**Instructions for the task:**
Omit every picture and output the rest of the records exactly as they are.
[Opening Records supplied section]
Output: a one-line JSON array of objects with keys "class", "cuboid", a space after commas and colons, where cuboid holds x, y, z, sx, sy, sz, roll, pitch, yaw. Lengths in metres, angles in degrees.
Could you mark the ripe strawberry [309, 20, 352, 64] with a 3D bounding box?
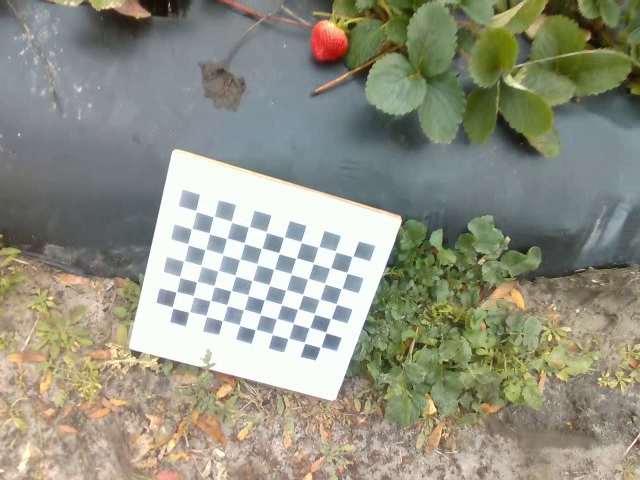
[{"class": "ripe strawberry", "cuboid": [0.005, -0.288, 0.877, 0.061, 0.065, 0.050, 25, 12, -13]}]
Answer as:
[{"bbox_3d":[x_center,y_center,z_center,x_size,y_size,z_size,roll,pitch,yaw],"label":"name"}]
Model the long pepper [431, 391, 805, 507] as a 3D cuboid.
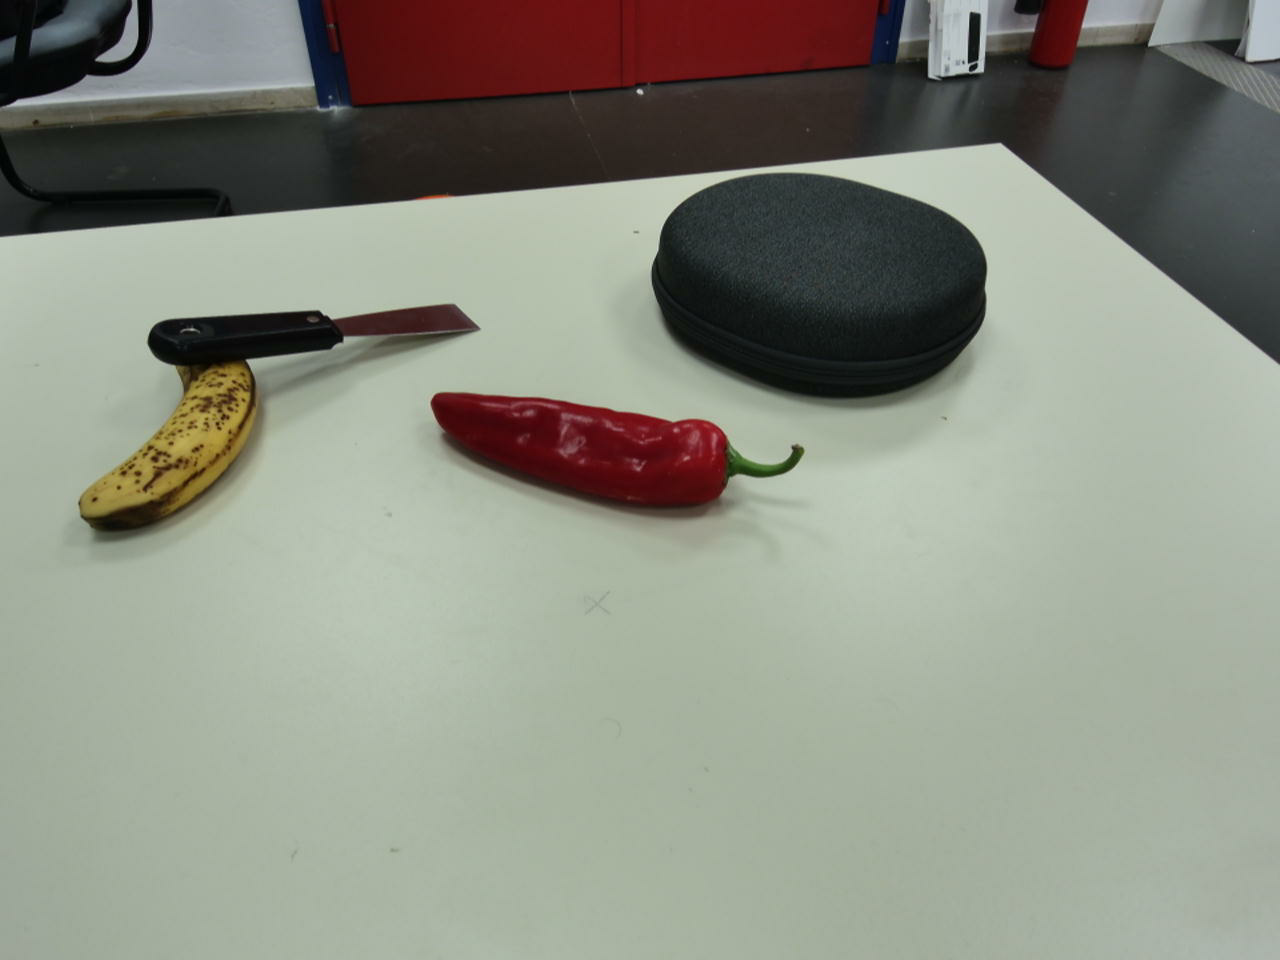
[Closing Records supplied section]
**Answer to the problem:**
Output: a one-line JSON array of objects with keys "class", "cuboid", a space after commas and colons, where cuboid holds x, y, z, sx, sy, sz, roll, pitch, yaw. Lengths in metres, angles in degrees.
Could you mark the ripe strawberry [309, 20, 352, 64] with a 3D bounding box?
[{"class": "ripe strawberry", "cuboid": [0.005, -0.288, 0.877, 0.061, 0.065, 0.050, 25, 12, -13]}]
Answer as:
[{"bbox_3d":[x_center,y_center,z_center,x_size,y_size,z_size,roll,pitch,yaw],"label":"name"}]
Model the long pepper [431, 391, 805, 507] as a 3D cuboid.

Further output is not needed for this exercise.